The final piece is a pair of new system calls allowing processes to be put into "NUMA groups" that will share the same home node. If one of them is migrated, the entire group will be migrated. The first system call is:

    int numa_tbind(int tid, int ng_id, unsigned long flags);

This system call will bind the thread identified by tid to the NUMA group identified by ng_id; the flags argument is currently unused and must be zero. If ng_id is passed as MS_ID_GET, the system call will, instead, simply return the current NUMA group ID for the given thread. A value of MS_ID_NEW, instead, creates a new NUMA group, binds the thread to that group, and returns the new ID.

The second new system call is:

    int numa_mbind(void *addr, unsigned long len, int ng_id, unsigned long flags);

This call will set up a memory policy for the region of len bytes starting at addr and bind it to the NUMA group identified by ng_id. If necessary, lazy migration will be used to move the memory over to the node where the given NUMA group is based. Once again, flags is unused and must be zero. Once the memory is bound to the NUMA group, it will stay with the processes in that group; if the processes are moved, the memory will move with them.
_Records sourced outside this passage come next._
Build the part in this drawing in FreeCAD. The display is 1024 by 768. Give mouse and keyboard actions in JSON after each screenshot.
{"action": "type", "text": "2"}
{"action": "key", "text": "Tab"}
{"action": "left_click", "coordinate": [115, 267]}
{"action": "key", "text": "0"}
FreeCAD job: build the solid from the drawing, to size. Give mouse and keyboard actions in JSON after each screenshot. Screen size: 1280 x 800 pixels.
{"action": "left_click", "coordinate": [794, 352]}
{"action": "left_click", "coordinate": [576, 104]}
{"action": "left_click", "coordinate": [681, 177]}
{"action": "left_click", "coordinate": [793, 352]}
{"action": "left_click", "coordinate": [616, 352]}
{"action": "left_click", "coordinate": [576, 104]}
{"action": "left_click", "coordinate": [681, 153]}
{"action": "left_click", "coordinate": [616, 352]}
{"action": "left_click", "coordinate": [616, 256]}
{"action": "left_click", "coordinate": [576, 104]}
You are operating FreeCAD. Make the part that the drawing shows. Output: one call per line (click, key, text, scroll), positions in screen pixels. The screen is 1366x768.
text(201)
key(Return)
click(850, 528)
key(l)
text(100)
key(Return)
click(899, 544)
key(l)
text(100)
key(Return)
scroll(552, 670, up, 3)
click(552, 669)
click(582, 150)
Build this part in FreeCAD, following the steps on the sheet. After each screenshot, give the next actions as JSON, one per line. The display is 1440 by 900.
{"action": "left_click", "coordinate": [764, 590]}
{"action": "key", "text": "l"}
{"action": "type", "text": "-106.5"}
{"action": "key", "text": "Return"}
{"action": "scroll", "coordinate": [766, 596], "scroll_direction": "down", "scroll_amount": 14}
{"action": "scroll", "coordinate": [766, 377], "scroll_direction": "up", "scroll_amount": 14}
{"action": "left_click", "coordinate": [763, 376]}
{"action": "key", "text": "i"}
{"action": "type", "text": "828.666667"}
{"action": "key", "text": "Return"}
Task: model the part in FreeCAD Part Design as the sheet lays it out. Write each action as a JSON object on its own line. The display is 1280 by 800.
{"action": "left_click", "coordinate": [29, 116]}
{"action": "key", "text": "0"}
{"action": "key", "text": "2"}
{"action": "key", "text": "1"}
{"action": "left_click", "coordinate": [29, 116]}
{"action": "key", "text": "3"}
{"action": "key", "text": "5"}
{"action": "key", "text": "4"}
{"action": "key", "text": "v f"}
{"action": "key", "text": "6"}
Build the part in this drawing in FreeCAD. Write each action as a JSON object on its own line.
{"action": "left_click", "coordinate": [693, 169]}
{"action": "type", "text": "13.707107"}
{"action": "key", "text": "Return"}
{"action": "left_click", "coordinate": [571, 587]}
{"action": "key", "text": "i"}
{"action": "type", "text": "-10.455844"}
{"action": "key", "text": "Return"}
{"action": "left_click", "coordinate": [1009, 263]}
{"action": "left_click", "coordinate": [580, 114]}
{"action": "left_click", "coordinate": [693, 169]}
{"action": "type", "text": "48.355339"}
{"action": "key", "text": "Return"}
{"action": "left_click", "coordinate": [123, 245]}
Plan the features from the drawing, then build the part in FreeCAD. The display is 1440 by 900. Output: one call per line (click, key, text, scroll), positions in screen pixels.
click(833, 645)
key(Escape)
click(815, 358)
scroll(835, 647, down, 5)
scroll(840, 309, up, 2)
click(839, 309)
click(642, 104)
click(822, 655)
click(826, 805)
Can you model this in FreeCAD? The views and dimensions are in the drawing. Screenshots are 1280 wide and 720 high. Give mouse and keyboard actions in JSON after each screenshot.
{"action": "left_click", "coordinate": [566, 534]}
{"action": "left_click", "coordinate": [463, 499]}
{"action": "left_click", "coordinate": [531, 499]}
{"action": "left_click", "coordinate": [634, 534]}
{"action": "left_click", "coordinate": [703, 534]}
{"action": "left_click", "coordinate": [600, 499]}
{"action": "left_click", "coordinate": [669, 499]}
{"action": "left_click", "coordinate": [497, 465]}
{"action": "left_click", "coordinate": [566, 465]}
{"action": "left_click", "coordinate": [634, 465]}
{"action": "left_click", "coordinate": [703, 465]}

Peter provided some benchmark results from a two-node system. Without the NUMA balancing patches, over time, the benchmark ended up with just as many remote memory accesses as local accesses - allocated memory was spread across the system. With the NUMA balancer, 86% of the memory accesses were local, leading to a significant speedup. As Peter put it: "These numbers also show that while there's a marked improvement, there's still some gain to be had. The current numa balancer is still somewhat fickle." A certain amount of fickleness is perhaps to be expected for such an involved patch set, given how young it is. Given some time, reviews, and testing, it should evolve into a solid scheduler component, giving Linux far better NUMA performance than it has ever had in the past.